@ date : Modified on Nov 26, 2020
@ author : Sangjun Han, South Korea
This repository contains approximated SHAP referred as [2], sampling Shapely value according to its sampling probability. The probability of sampling feature subset is extremely unbalanced expecially for high-dimensional data such as MNIST or CIFAR-10, so I picked only nC0, nCn-1 case of n features. (Others are negligibly small)

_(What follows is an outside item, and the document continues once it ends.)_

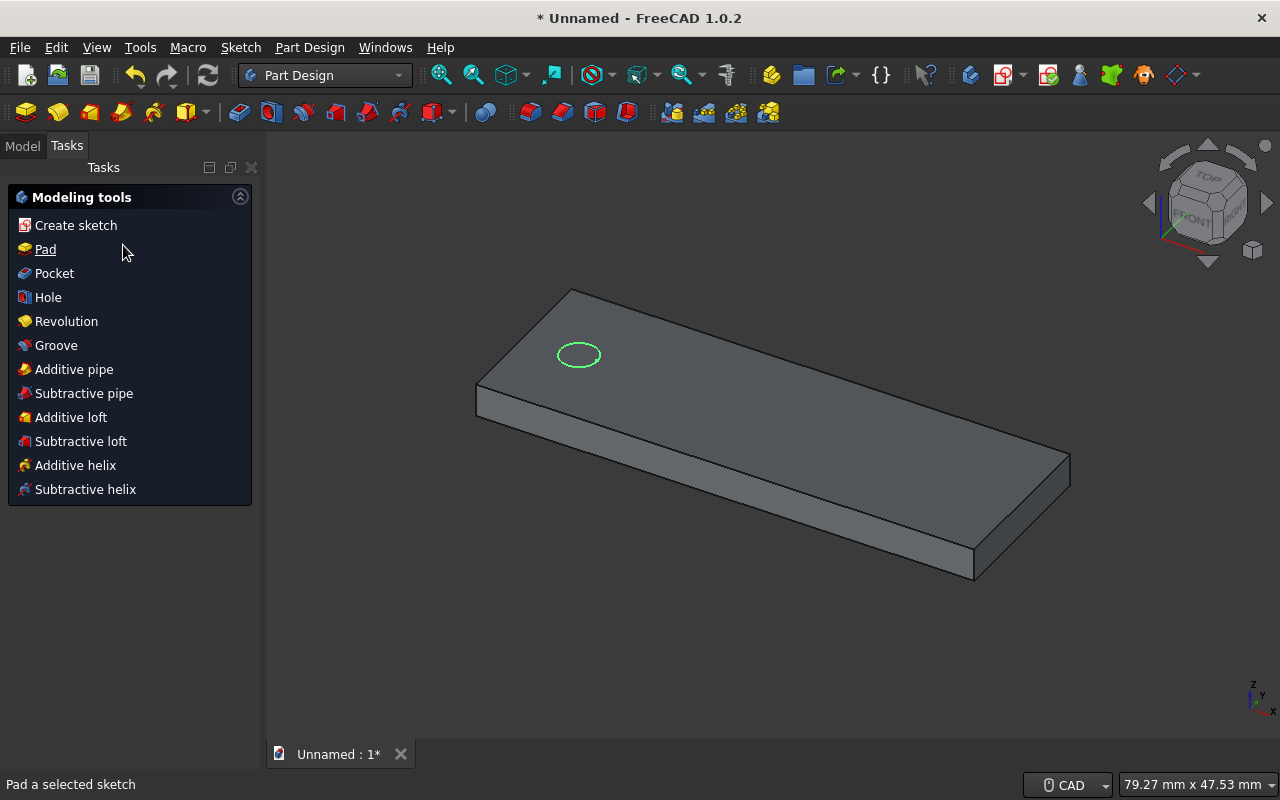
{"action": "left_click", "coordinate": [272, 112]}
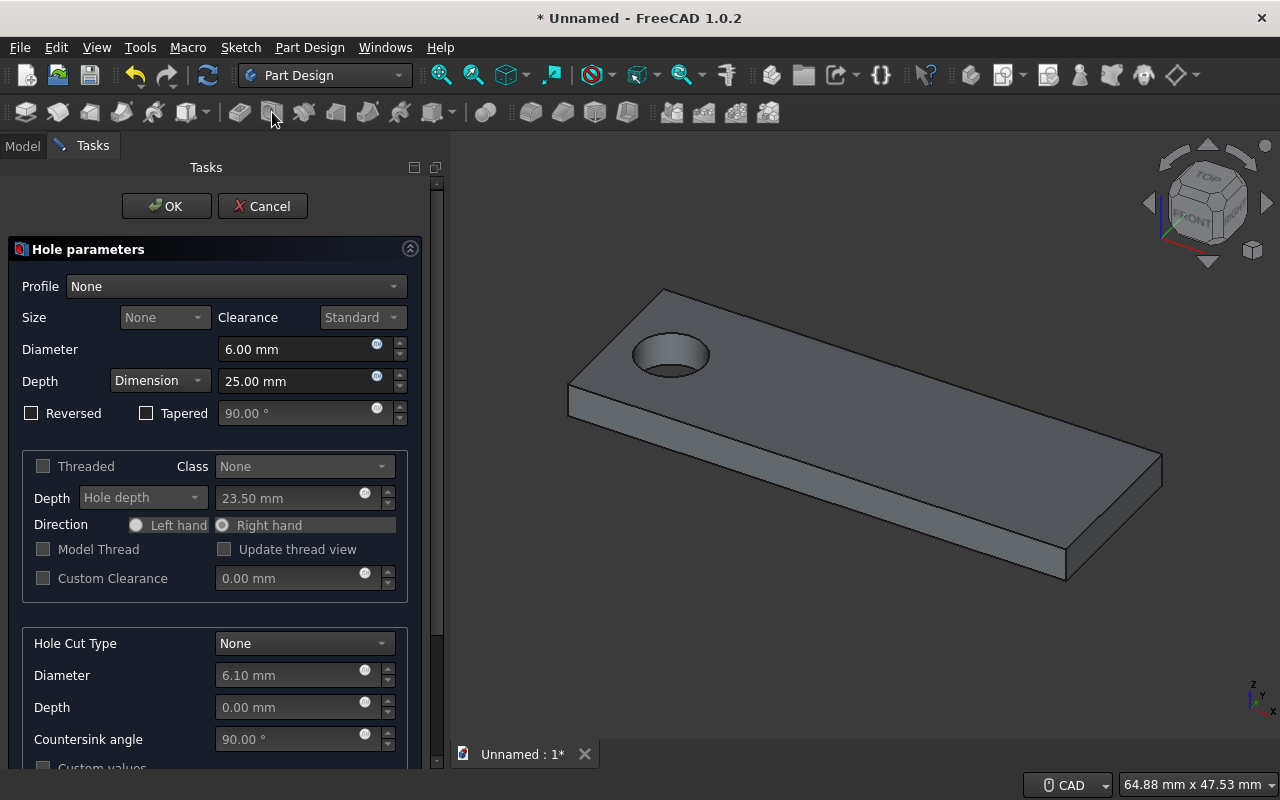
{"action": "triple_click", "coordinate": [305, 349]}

- MNIST_LevelSHAP.ipynb: Pixel-level SHAP for MNIST
- CIFAR10_LevelSHAP.ipynb: Pixel-level SHAP for CIFAR-10
- CIFAR10_Segment_LevelSHAP.ipynb: Segment-level SHAP for CIFAR-10 (Over-segmentation was done for multiple scales as [3], and Shapely value was averaged)
- CIFAR10_Segment_UncertaintySHAP.ipynb: Segment-level SHAP for CIFAR-10 (The target of SHAP can be uncertainty as [4], and it shows inverted images from original SHAP results)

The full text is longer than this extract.